On the first anniversary of the Toronto G-20 Summit, the Toronto Police Service released a 70-page “after-action” report into the policing of that weekend.
The report boasts of many successes, including ensuring the safety of the G20 summit delegates and security of the summit sites at all times, but also recognizes that lessons were learned about improving officer training to more efficiently respond to “widespread criminality and mass public disorder”.Chief Blair also points out that the Toronto Police Service was given only “six months to plan for the largest security event in Canadian history”, and “there were no critical injuries or deaths during the G20 Summit”. Although the report later reveals that of the 1118 people arrested, at least “five suffered injuries that they required to go to the hospital”.
The report provides an operational chronology into the related events, activities and peaceful and violent demonstrations in Toronto during June 18 – June 27 that the public may not be aware of and which explains some of the many individual arrests the police made. However, on the highly publicized mass “kettle” or sweeping arrests that have been the subject of much media attention, legal actions and Charter challenges, Chief Blair highlights the need to improve training and communication during operations so that officers can “more effectively respond to criminal activity and public disorder” at the investigative, arrest and processing stages.
This likely comes in response to the fact that some prisoners went hours without food and water, and faced delays of up to 36 hours before being taken before a Justice of the Peace and speaking with a lawyer, which the report described as a “breakdown in communication”. The Toronto Star reported last Friday on the story of one man that was allegedly arrested in relation to the G20 and strip-searched.
Some, including well-known criminal and constitutional lawyer Clayton Ruby, have been quick to dispel time and training as justification for being unprepared and overburdened. “They spent a billion dollars, it is not possible for them to be overwhelmed […] my daughter could do better.”
The Canadian Civil Liberties Association (CCLA), a national organization constituted to promote respect for and observance of fundamental human rights and civil liberties, describes the G20 as the dawning of a new era of policing techniques being foisted on the legal system and a “test of our accountability mechanisms, whether they work appropriately and whether they are sufficient. And they are not.” The CCLA argues that given the volume of identifiable police officers and forces involved in the G20, a single body is necessary to review their conduct and impose sanctions where appropriate.
Chief Blair’s report indicates that “108 officers have received disciplinary action for removal of identification” and “1 officer was charged under the Criminal Code for Assault with a Weapon”. Yet, the report does not disclose the nature of the disciplinary action and internal investigations the Toronto Police Service’s Professional Standards Unit is managing or supporting.

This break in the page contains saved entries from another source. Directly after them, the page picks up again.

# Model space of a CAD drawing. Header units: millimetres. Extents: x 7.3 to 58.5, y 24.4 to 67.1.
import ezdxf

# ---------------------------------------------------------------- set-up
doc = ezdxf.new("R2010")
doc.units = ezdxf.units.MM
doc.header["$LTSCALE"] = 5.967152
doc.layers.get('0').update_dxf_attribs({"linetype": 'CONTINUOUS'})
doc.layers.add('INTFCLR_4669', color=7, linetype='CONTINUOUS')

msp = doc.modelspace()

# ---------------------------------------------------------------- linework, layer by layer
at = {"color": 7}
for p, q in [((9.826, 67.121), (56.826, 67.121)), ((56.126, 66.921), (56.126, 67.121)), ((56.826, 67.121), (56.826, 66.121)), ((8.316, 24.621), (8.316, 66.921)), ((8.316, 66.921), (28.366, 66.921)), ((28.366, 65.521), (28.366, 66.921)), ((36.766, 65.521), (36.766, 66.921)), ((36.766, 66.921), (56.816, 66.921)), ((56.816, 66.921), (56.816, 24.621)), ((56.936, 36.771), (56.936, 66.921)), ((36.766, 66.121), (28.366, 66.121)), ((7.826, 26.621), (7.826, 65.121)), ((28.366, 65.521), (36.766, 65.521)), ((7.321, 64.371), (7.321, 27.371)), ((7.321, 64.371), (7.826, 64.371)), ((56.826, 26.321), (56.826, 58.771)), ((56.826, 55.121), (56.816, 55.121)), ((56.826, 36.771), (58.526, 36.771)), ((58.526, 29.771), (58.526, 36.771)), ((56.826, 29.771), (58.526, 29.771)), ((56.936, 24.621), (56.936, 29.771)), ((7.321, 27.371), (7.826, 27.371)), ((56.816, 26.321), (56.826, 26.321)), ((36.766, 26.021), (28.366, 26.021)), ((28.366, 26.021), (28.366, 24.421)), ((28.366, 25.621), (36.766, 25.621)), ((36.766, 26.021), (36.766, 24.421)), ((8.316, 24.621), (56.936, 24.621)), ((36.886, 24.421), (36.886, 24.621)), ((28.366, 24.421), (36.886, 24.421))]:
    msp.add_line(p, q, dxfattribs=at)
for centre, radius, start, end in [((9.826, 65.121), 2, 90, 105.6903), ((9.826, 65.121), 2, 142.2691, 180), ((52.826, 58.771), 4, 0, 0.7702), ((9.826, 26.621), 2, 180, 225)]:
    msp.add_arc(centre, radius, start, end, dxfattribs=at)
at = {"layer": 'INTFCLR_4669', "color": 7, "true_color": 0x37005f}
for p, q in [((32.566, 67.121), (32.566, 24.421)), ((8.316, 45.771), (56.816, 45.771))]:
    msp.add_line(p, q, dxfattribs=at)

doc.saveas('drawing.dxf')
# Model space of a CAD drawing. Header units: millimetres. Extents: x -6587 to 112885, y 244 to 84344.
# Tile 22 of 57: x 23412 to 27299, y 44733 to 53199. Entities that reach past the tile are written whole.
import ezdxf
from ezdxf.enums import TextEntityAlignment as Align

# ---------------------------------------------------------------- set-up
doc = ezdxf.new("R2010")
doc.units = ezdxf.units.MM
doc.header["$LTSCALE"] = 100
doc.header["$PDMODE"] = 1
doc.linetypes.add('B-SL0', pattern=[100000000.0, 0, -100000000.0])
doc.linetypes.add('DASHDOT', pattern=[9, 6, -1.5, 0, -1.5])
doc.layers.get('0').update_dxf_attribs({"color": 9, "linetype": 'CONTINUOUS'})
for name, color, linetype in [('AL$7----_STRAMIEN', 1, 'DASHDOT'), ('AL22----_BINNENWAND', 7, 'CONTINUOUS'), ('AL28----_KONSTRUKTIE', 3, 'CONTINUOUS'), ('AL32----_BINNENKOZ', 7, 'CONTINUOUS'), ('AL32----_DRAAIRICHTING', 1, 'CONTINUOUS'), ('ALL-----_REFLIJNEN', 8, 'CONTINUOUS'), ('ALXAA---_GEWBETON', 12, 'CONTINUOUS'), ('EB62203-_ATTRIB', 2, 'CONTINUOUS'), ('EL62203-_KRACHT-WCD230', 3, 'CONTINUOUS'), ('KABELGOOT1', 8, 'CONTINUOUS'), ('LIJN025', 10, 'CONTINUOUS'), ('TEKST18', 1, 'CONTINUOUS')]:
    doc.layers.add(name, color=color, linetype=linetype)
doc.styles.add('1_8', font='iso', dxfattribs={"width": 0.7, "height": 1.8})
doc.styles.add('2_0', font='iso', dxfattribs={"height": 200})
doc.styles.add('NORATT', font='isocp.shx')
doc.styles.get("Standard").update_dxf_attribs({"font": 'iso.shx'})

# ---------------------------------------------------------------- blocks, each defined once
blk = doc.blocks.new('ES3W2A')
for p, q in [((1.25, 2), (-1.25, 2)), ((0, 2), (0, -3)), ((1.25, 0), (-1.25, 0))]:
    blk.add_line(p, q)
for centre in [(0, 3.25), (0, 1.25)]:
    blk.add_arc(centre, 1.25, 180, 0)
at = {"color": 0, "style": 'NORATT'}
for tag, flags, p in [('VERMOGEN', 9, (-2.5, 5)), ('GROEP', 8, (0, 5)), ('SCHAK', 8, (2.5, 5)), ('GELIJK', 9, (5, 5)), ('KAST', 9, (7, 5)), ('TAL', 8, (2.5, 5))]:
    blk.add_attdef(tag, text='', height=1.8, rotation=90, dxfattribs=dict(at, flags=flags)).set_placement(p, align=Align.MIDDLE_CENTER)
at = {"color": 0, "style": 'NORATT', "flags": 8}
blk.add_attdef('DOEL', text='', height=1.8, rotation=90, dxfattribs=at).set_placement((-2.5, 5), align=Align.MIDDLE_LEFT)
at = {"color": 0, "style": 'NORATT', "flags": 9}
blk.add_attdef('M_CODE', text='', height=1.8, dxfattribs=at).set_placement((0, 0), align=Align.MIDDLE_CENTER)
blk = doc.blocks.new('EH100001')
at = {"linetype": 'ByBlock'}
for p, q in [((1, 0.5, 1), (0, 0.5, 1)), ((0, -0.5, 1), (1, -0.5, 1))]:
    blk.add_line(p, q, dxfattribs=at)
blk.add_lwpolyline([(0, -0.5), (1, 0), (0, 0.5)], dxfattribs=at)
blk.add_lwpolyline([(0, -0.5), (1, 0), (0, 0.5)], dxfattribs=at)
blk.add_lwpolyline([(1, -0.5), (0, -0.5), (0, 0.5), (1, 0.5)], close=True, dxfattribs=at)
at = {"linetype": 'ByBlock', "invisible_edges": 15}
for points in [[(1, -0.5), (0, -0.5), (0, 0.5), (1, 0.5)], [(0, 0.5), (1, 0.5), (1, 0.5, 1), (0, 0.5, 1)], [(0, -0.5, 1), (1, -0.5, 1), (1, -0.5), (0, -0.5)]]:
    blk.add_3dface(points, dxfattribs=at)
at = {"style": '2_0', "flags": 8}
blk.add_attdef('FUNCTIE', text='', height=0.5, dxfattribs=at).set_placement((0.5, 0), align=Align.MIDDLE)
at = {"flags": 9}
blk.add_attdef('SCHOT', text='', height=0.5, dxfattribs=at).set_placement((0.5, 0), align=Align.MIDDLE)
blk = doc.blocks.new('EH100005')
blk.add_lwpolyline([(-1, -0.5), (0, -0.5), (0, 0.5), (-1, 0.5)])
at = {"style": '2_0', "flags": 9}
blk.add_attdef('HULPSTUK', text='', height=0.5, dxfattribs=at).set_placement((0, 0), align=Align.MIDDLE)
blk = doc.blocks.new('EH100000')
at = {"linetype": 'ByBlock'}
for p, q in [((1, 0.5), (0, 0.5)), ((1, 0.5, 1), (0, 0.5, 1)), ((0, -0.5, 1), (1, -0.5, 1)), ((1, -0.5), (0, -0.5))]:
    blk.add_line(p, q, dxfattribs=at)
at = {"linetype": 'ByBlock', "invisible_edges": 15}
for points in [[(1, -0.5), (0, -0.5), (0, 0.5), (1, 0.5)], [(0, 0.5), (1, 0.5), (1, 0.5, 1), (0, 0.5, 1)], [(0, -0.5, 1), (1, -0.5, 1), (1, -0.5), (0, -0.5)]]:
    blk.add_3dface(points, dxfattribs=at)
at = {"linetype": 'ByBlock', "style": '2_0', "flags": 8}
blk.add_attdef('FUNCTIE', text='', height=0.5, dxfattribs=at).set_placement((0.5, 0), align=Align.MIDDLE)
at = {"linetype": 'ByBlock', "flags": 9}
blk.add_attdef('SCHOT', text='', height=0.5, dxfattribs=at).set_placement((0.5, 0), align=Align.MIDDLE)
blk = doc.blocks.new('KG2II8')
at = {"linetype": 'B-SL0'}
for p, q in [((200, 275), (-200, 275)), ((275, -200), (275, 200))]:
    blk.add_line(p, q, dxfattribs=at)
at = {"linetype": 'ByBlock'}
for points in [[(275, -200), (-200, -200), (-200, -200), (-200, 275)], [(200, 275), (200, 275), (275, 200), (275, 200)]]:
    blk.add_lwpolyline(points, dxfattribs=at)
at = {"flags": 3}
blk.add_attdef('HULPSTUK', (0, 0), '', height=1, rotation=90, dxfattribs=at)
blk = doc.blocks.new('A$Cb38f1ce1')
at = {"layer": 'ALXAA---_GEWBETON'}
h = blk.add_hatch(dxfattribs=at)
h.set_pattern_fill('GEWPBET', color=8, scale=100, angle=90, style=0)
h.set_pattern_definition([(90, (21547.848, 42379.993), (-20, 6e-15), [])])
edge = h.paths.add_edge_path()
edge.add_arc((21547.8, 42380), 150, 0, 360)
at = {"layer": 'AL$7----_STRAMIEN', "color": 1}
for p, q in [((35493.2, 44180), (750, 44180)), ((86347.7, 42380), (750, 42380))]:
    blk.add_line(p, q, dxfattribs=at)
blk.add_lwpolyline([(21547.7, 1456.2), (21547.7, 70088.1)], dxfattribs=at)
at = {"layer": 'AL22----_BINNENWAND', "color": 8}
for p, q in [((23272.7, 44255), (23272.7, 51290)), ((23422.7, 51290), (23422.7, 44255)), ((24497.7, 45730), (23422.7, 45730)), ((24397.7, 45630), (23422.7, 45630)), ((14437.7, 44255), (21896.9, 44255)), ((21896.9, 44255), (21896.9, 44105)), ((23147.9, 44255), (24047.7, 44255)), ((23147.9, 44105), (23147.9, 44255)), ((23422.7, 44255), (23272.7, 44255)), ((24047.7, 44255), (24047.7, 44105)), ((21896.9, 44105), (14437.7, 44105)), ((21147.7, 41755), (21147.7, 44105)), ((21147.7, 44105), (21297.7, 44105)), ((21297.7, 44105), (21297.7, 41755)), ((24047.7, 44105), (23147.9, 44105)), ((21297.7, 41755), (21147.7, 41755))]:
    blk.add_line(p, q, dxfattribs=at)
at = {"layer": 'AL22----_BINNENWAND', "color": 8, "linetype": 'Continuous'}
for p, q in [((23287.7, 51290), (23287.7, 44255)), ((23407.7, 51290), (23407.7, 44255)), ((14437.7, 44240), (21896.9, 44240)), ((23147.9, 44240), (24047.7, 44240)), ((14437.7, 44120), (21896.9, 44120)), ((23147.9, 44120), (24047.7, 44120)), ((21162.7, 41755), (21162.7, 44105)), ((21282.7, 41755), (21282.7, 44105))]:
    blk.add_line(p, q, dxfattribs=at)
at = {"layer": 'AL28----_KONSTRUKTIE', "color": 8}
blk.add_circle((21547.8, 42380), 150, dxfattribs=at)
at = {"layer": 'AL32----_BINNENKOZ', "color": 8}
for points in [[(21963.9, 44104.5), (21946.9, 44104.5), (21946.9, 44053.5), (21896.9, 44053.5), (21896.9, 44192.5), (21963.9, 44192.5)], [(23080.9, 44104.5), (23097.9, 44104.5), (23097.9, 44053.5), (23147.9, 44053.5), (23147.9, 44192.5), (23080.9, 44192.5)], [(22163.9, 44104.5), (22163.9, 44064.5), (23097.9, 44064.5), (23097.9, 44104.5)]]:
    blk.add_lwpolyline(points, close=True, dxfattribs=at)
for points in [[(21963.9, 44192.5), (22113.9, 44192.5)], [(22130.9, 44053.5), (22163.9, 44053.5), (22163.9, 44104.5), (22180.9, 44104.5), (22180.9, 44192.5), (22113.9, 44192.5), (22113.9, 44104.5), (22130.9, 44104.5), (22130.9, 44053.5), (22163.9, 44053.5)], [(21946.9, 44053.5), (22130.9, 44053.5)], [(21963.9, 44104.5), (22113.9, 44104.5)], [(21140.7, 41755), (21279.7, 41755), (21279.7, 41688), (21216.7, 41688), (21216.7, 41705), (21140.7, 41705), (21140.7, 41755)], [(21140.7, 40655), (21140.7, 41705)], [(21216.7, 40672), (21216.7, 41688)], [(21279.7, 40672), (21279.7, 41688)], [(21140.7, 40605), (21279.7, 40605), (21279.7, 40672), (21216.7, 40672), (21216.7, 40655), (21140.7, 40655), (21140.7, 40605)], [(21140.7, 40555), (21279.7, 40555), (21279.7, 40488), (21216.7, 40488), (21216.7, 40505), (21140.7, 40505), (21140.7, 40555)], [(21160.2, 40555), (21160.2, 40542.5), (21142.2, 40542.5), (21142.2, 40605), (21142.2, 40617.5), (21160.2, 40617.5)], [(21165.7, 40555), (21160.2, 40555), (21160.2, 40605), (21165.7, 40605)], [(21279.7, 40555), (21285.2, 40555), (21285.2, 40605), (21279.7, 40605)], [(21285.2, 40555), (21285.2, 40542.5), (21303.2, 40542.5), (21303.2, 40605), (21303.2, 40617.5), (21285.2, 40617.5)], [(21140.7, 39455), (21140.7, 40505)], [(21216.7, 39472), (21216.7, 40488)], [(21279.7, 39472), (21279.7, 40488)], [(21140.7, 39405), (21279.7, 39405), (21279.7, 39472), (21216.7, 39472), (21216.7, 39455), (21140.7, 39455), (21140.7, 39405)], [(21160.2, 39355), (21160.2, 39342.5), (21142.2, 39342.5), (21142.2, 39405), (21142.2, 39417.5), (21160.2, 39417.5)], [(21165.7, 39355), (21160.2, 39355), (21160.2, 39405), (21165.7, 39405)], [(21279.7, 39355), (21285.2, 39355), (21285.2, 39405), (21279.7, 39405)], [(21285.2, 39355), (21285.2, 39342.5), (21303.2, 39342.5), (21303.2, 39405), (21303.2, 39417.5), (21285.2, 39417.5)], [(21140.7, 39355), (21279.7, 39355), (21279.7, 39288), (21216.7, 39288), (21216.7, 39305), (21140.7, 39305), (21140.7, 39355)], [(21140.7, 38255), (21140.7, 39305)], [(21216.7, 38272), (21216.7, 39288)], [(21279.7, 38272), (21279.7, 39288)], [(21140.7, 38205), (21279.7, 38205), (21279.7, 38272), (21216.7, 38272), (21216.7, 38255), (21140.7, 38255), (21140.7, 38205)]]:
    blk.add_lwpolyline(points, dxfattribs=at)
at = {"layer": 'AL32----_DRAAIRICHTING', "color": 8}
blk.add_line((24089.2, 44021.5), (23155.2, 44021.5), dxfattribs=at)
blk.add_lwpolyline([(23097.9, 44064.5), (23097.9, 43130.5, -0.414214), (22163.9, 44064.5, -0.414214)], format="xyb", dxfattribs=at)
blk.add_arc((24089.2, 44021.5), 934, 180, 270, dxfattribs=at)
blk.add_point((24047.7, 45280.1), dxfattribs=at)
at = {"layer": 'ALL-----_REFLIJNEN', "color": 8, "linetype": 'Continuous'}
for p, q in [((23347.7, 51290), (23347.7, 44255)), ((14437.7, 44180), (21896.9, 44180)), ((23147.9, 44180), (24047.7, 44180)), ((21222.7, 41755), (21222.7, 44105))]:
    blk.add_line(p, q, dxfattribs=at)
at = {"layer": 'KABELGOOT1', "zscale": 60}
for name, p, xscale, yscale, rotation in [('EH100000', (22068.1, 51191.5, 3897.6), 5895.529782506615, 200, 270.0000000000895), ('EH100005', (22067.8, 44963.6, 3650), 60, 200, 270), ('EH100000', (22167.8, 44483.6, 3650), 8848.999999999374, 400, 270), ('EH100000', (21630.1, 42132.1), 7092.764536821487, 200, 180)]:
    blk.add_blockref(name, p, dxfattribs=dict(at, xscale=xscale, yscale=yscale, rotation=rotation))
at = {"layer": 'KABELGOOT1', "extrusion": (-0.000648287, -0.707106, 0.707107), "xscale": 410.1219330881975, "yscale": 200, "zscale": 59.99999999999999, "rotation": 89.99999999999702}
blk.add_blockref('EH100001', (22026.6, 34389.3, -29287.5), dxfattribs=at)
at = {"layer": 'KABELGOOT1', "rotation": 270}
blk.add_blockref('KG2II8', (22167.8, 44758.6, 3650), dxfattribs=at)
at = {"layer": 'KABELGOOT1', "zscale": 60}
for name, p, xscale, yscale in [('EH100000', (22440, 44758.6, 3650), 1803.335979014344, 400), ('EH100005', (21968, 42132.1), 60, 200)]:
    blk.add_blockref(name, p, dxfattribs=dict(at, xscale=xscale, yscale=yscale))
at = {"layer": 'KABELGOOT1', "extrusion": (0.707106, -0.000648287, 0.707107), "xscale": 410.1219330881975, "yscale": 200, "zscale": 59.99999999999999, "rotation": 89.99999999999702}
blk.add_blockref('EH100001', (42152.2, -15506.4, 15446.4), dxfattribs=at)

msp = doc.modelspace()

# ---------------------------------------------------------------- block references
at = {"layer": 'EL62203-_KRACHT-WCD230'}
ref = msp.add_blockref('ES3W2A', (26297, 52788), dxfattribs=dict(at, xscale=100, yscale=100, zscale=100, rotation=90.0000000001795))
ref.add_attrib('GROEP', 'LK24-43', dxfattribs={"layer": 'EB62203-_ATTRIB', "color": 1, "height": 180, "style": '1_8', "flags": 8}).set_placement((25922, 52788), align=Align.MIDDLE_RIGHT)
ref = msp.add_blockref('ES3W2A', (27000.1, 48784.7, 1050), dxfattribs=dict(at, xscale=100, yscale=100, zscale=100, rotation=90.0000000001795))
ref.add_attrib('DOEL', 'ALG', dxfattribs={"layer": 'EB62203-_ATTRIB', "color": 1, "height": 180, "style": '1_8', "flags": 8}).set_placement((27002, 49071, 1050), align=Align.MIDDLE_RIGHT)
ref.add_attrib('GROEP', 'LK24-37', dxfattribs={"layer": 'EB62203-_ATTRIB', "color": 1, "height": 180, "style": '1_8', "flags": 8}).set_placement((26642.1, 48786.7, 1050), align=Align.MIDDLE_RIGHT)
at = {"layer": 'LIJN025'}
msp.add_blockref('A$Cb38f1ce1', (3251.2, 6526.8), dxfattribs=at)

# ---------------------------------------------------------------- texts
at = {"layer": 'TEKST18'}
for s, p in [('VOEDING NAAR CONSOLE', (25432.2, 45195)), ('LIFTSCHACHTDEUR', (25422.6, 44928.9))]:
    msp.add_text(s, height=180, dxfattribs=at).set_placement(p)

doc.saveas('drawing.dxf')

While the report does include ten laudable recommendations for improving the Toronto Police Service’s ability to police future large-scale events, the report does not address or answer many outstanding questions that linger after the G20. Improving communication within the Force and to the public, police training and policy will certainly help, but more will be required to ensure events do not repeat themselves and those guilty of wrongdoing are held accountable.
The apparent disregard of policies governing officer identification, use of force and searches during the G20 poses serious questions about how effective policy and deployment reform will really be in ensuring that the police “respect the democratic right of individuals to demonstrate” and “freedoms of thought, belief, opinion, expression and peaceful assembly”. For example, the report does not go on to clarify why protocol was not followed for the kettling containment technique, which requires that “persons not involved in the event must have both a route of egress from and the opportunity to leave the affected area”.
The contention that mass arrests be undertaken to disperse crowds to prevent a small number of vandals breaching the peace is unlikely to pass constitutional scrutiny. Consequently, in a report entitled Caught in the Act, which was released in December 2010, Ontario’s Ombudsman Andre Marin labeled the G20 policing as “the most massive compromise of civil liberties in Canadian history”.
However, the Ombudsman also singled out Toronto Police, and the Chief in particular, for refusing to cooperate with his investigation into the “secret” Public Works Protection Act legislation and policing surrounding the G20 Summit. Now that Chief Blair and the Toronto Police Service have pledged to “cooperate fully” with independent reviews by the Special Investigations Unit, Toronto Police Services Board, Office of the Independent Police Review Director and former Chief Justice Roy McMurtry on behalf of the Province of Ontario, it remains to be seen how that will help bring about reform in the aftermath of the G20 and lawsuits facing the Toronto Police Service.